Problems of algorithmic bias are often framed in terms of lack of
representative data or formal fairness optimization constraints to be
applied to automated decision-making systems. However, these discussions
sidestep deeper issues with data used in AI, including problematic
categorizations and the extractive logics of crowdwork and data mining.
This talk will examine two interventions: first by reframing of data as a
form of infrastructure, and as such, implicating politics and power in
the construction of datasets; and secondly discussing the development of
a research program around the genealogy of datasets used in machine
learning and AI systems. These genealogies should be attentive to the
constellation of organizations and stakeholders involved in their
creation, the intent, values, and assumptions of their authors and
curators, and the adoption of datasets by subsequent researchers.
Bio:
Alex is a sociologist and senior research scientist on the Ethical AI
team at Google. Before that, Alex was an assistant professor at the
Institute of Communication, Culture, Information and Technology at the
University of Toronto.
Alex received a Ph.D. in sociology from the University of Wisconsin-Madison.
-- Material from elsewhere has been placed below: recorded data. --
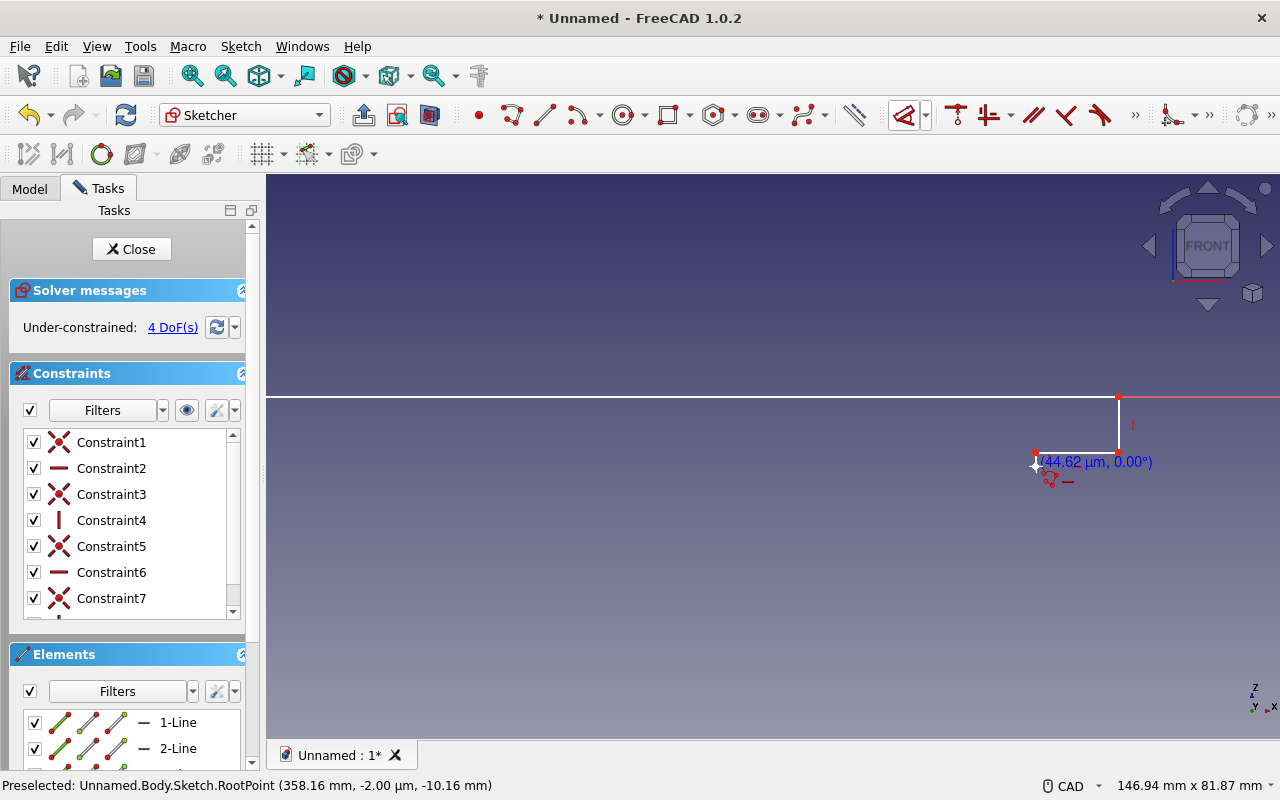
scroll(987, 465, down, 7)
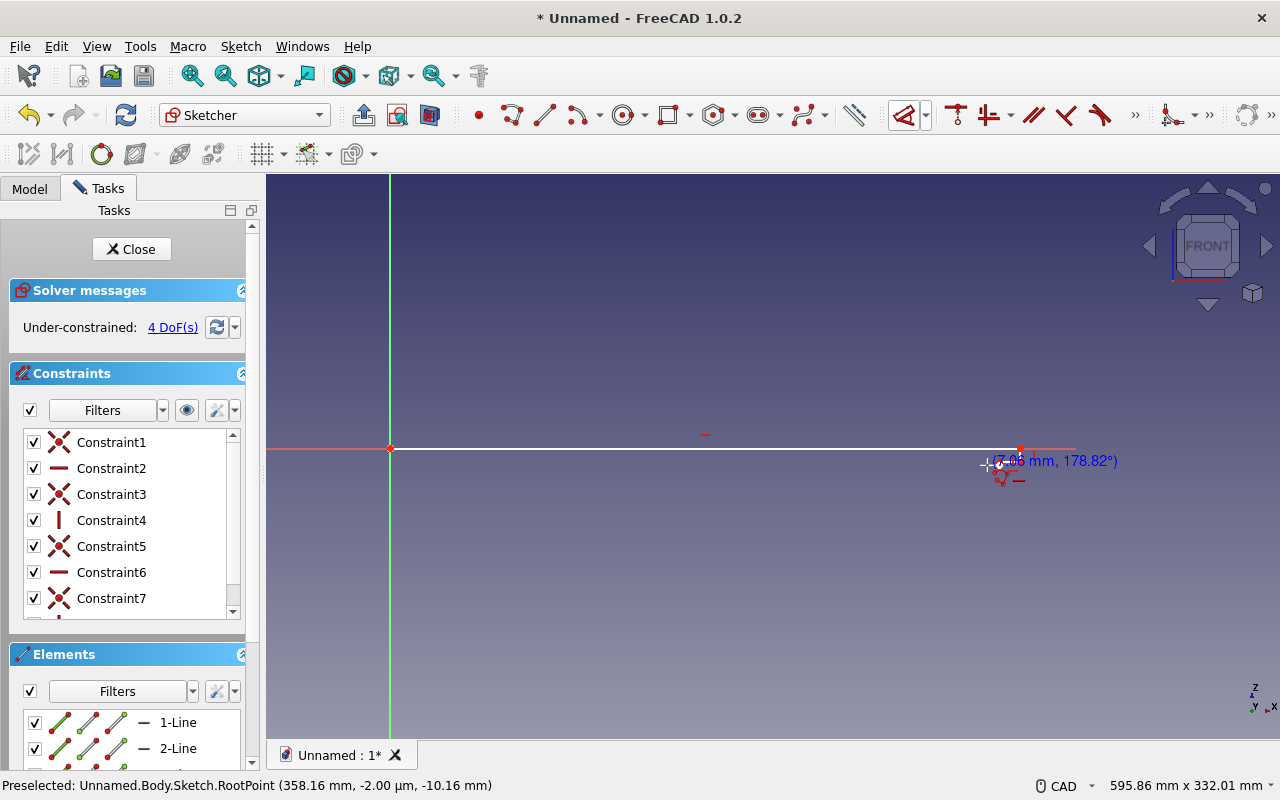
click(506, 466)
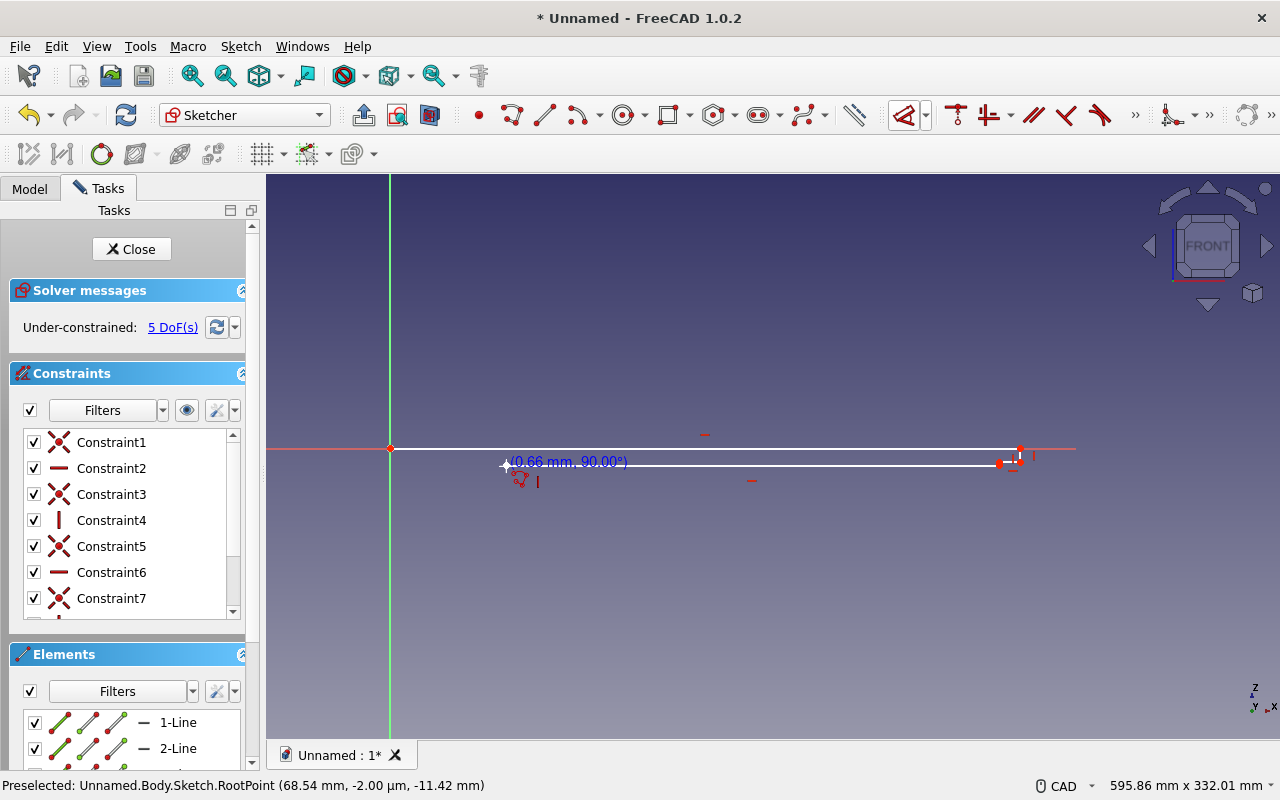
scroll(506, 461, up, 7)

Her dissertation was the Machine-learning Protest Event Data System (MPEDS), a system which uses machine learning and natural language processing to create protest event data.
Her current research agenda is two-fold. One line of research centers
on origins of the training data which form the informational
infrastructure of machine learning, artificial intelligence, and
algorithmic fairness frameworks. Another line of research (with Ellen Berrey)
seeks to understand the interplay between student protest and
university responses in US and Canada. Alex’s past work has focused on
how new and social media has changed social movement mobilization and
political participation.
Alex is as much as an educator as she is a researcher. She has taught workshops and courses
on computational methods for social scientists, social movements, and
the implications of information as infrastructure. She co-founded the
[now defunct] computational social science blog Bad Hessian.
As a second job, she plays women’s flat track roller derby with Bay Area Derby.